Frontline Command (Dev Log #1)

I have always been interested in game development and have tinkered with Unity on and off in the past. Now that I have just finished my Bachelor’s in Computer Science, I wanted to keep building things on the side. Growing up, I played a wide range of games like FPS, MMO RPGs, turn-based strategy games like Civilization, RTS, and more. That said, I have always found myself gravitating toward real-time strategy games.

Because of that, Frontline Command (working title, probably going to be renamed) is the side project I’m experimenting with. The idea is a simple RTS defense game where waves of monsters attack your base. The goal is to gather resources (ideally through automation), build infrastructure and defensive structures, and survive for as long as possible. At this stage, the concept is still very loose, and I’m not entirely sure what the final game will look like.

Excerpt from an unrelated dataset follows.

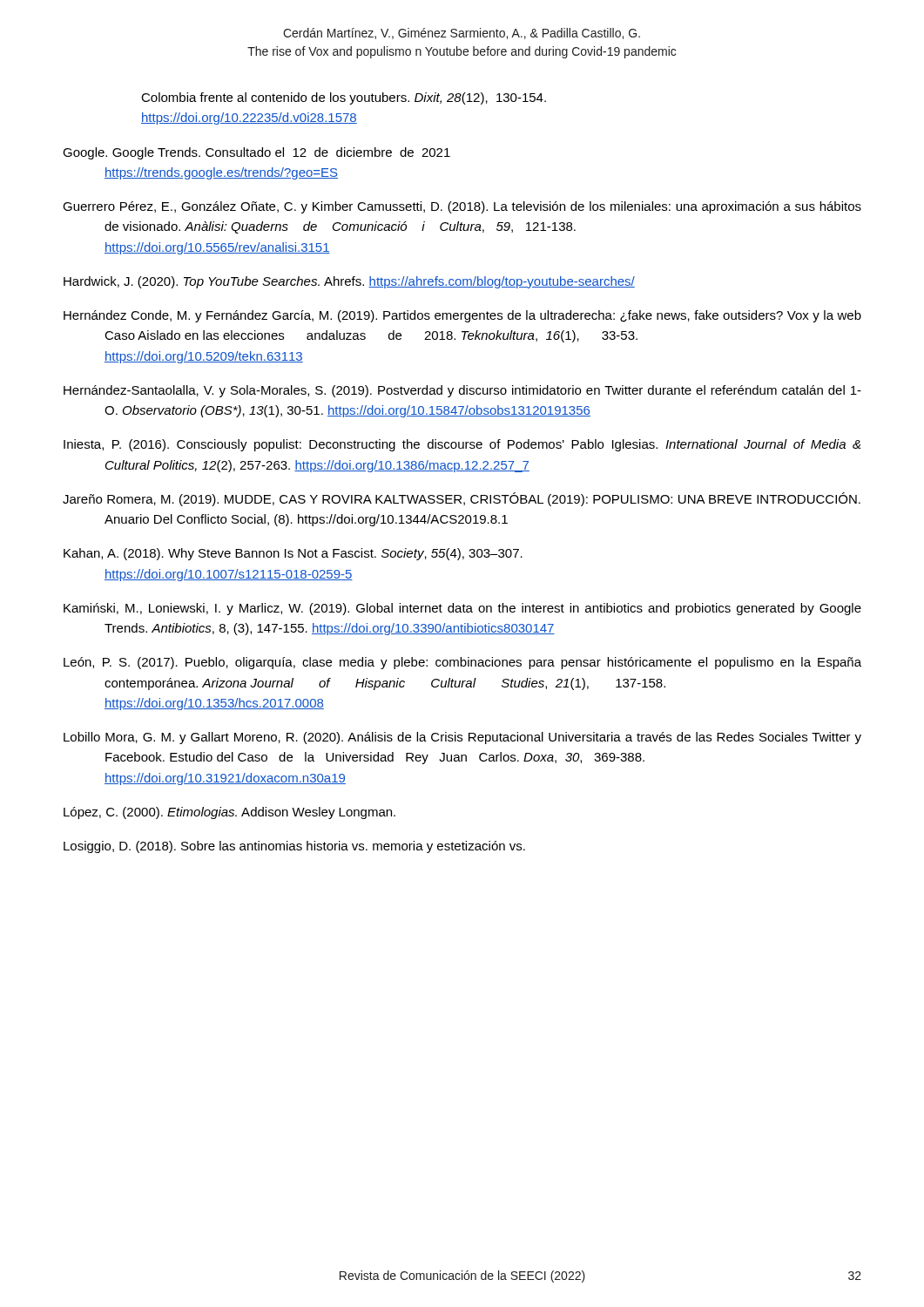Navigate to the text starting "Kamiński, M., Loniewski, I. y"
924x1307 pixels.
click(462, 618)

While I’ve explored Unity before, I don’t have real experience in full-scale game development. For now, this project is mostly an experiment, a way to learn Unity, game development concepts, and software architecture. Game development is interesting because it forces you to confront architectural problems that don’t come up very often in web development. In web dev, frameworks and libraries abstract away many of these ideas, which makes it harder to explore and apply design patterns in a meaningful way. This project is my excuse to do exactly that.

In any case, this dev log is about an interesting (and horrible) piece of spaghetti code I’ve built so far.

From the video, you can see that multiple units can be selected by holding left-click and dragging over them. Group movement is controlled using Boids, a technique for simulating “artificial life,” inspired by games like StarCraft II and other RTS titles (see Boids from Standford). Getting the movement to feel right required a lot of parameter tweaking.

On top of that, each unit casts spheres in front of itself to detect obstacles and performs local steering to avoid them. The avoidance logic simply pushes the unit away from whatever it hits, scaled by distance:

avoidance += hit.normal * (1f - hit.distance / length);

The avoidance vector is updated every frame. hit.normal gives the direction perpendicular to the surface hit, and its influence is scaled by how close the obstacle is relative to the cast length.

For group movement, I’m also using A* with a distance-based obstacle penalty so the FormationLeader avoids paths that are too close to walls or obstacles. This works by building a navigation grid, detecting obstacles via physics casts, and marking those nodes as non-walkable. From there, I run a BFS to calculate each node’s distance from nearby obstacles and assign a penalty accordingly. This encourages the pathfinder to choose routes that keep a reasonable distance from obstacles, depending on how intense the penalty is. When calculating the paths, we also considered the number of selected units as clearancePenalty . This means that the size of the selected units will contribute of which path the FormationLeader will take.

Meanwhile, FormationUnits follow and position themselves relative to the leader using Boids behaviour. As with everything else, achieving the movement you see in the video required a lot of tweaking.

To keep things short, the smooth RTS-style movement is currently achieved by doing:

• A* pathfinding to move from point A to point B
• Boids-based formations for swarm-like movement inspired by classic RTS games
• Local steering avoidance so units can navigate around obstacles instead of getting stuck, which greatly improves the feel when moving large groups

The Nightmare

Functionality-wise, I’m really happy with how it works. Architecturally… it’s a disaster.

Each unit has a long list of MonoBehaviour scripts attached in the inspector. This raises a lot of questions: How do I cleanly stop a unit from moving? What if a unit needs to move and attack at the same time? How do we manage unit state in a sane way? With the current setup, none of this is easy to answer.

Sure, I could keep layering more logic on top, but that would only make things worse. It wouldn’t scale, and it would be a nightmare to maintain. The solution is to separate responsibilities and introduce a state machine, where each state is responsible for specific behaviours and nothing more. This creates clear boundaries and makes the system much easier to extend and reason about.

To get there, I’m currently researching the State Design Pattern, with the help of internet resources and the all-knowing LLM agents (GPT). I’ll share what I learn and how I refactor this mess in the next dev log.